Wednesday, December 09, 2009

Weight Loss Wednesday






There are 305 days until our wedding. How exciting! We've plowed through most of the big things - budget, guest list, date, theme, photographer, venue, catering, dress - and I now have time to work on the details after the holidays. 


But, oh, the holidays! I have an out-of-this-world sweet tooth and zero low will-power. From the time that Big Spoon and I met in 2008 until now, 14 months later, I have gained approximately 17 lbs. That is sooo not cool. Especially because I already own my wedding dress. 


Thus, I need to weigh 20-25 lbs less than I do now. That may sound drastic, but I'm not fully expecting to lose that much. It's setting the goal that counts for me and making the lifestyle changes actually work for once. Now more than ever, I feel like I have the support system to reach any goal I set for myself. 


Basically, I'm holding myself accountable by announcing it to the blog world that I'm challenging myself to lose weight. Of course, for the wedding, but additionally, because I'm in my late twenties and my metabolism is slowing down. I want to have children someday soon and I want to be in good shape, healthy in mind and body. 
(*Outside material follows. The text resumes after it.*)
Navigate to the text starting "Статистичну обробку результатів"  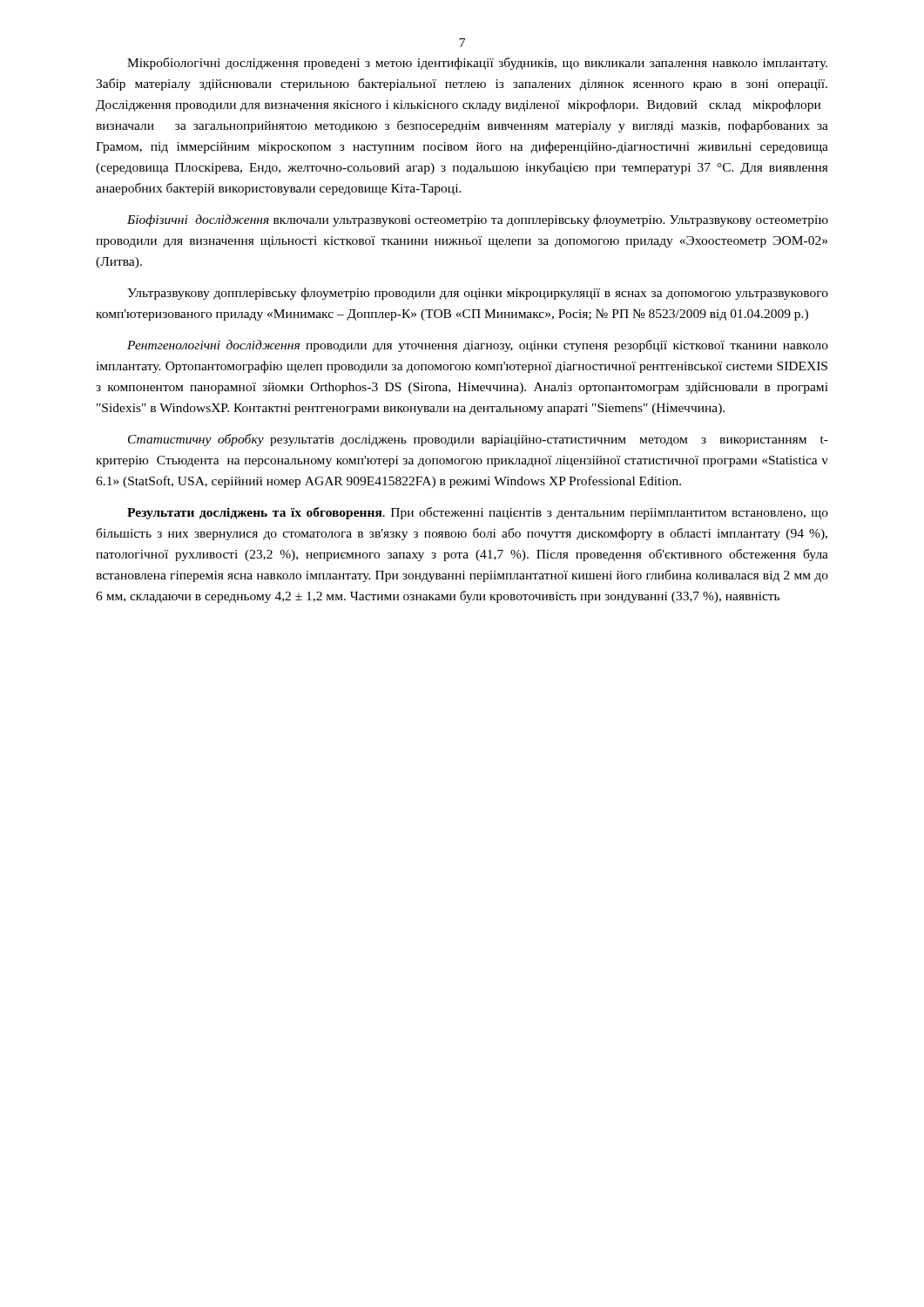[462, 460]
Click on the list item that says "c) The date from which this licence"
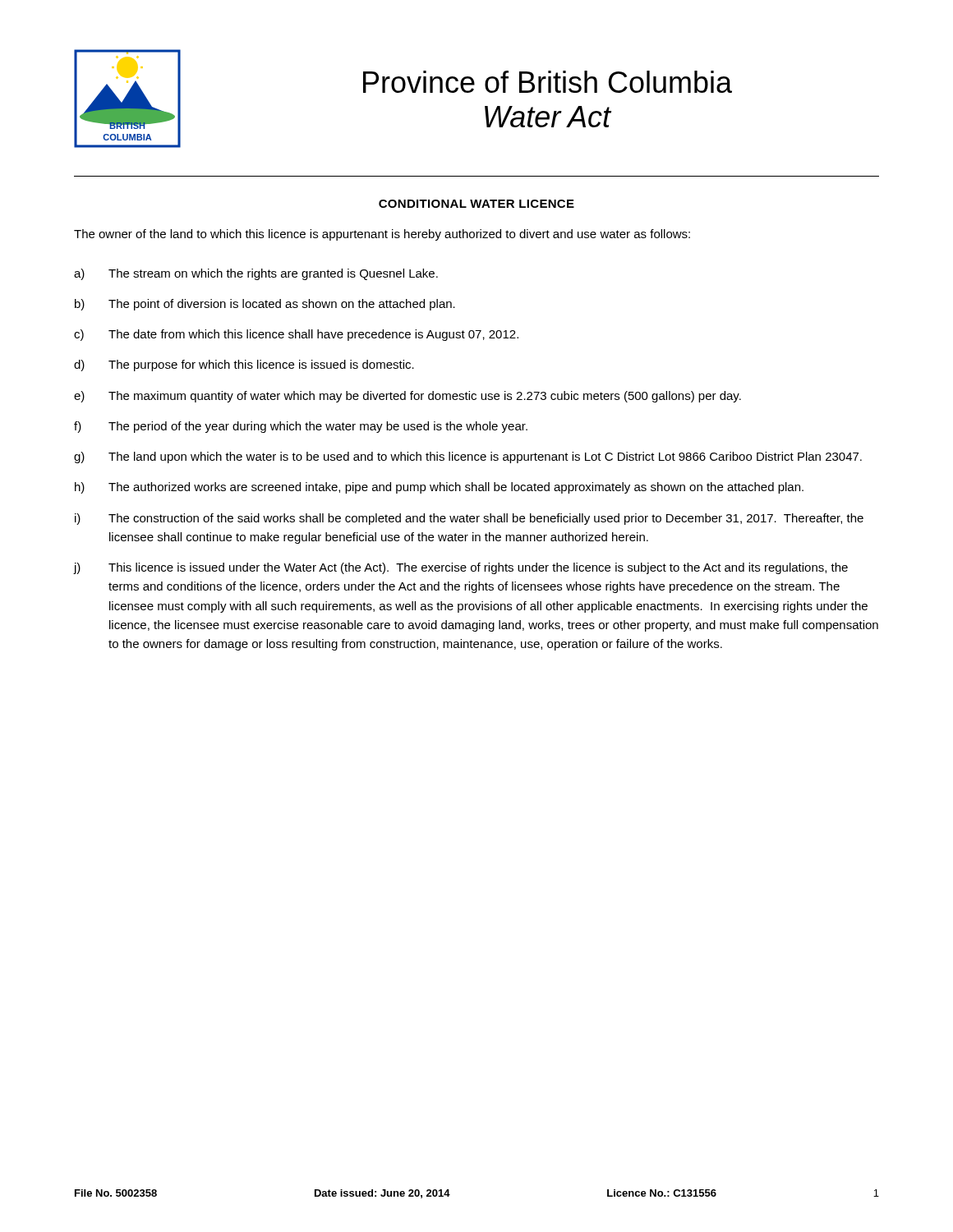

I feel completely vulnerable putting this out there, though. Body image and weight issues are something most women won't talk about openly. I'll be doing these things as frequently as possible to trim down and tone up:


• Take the stairs. All six flights, every morning.
• Eat four - six small, balanced meals a day.
• Just say no to candy. Have a treat once a week to feel less deprived of sweets.
• Early to bed, early to rise.
• Find an exercise routine that is fun, because otherwise it feels like a chore and I won't do it.
• Cook more. Cook more healthily.


Okay. Here we go!

1 comment:

  1. I'm proud of you, Little Spoon, for taking this step and for being so open about it. I'll do what I can to help out and lose with you - now that the crazy season of the job is winding down, I'll be able to buckle down and work out with you again.